The idea of ticketing brawlers, rather than rounding them up and throwing them in "the tank" for the night, followed by criminal charges, will strike many as insufficient. We're quickly approaching the fifth anniversary of the May 18, 2008 downtown assault that left Ken Gottfried with permanent physical damage; in many ways, for Brockvillians, there has not been such a thing as an "ordinary" downtown fisticuff since that tragic incident.
But incidents such as the Gottfried case are, thankfully, very rare. While the result has tended to be assault charges, your average "bar fight" is not so much an assault, as in the Gottfried case, as a consensual fight between two combatants. (I am reminded of Jack Kirkland's description, fifteen years ago, of the Russel Hotel in Smiths Falls as "the arena of many a pugilistic endeavour on the part of young men trying to establish their manhood.")

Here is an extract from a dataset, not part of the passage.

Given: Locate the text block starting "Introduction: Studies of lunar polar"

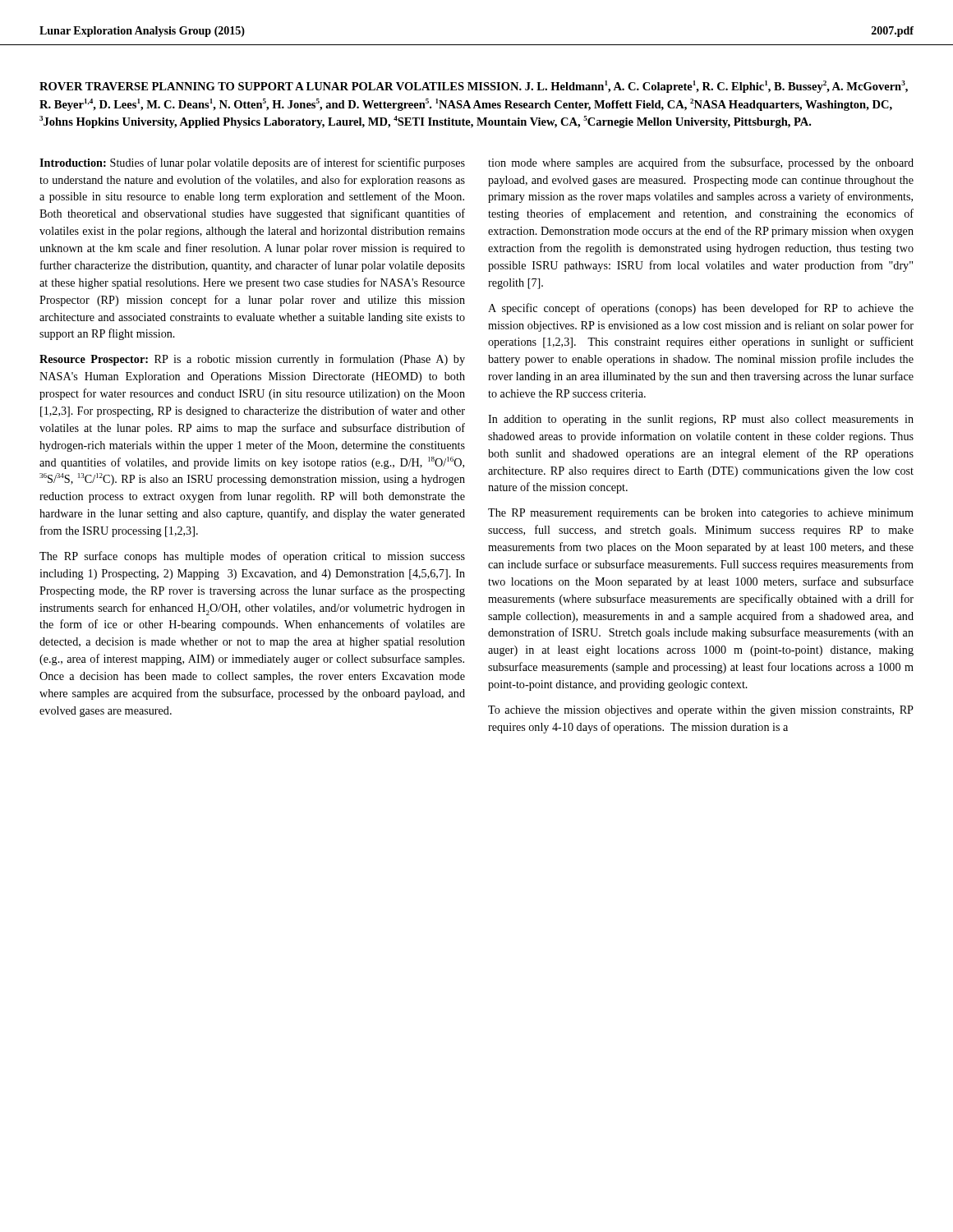Looking at the screenshot, I should [x=252, y=248].

We don't need these pugilistic endeavours, of course. But at a time when city police are being told, more intensely than ever and with an OPP costing hanging over their heads, to cut costs, we should not fault them for doing exactly that.
Deploying additional manpower in the main core in anticipation of a brawl would result in the kinds of expenses that brought us to the OPP costing in the first place. And if we do go OPP, that kind of deployment will result in higher contract costs.
One would expect city police already are downtown at closing time. And the fight we are reporting in today's edition happened nowhere near closing time.
A ticket may not be enough to deter Brockville's brawlers for long. But it's a start, and the city's policing resources, like all other things, are finite.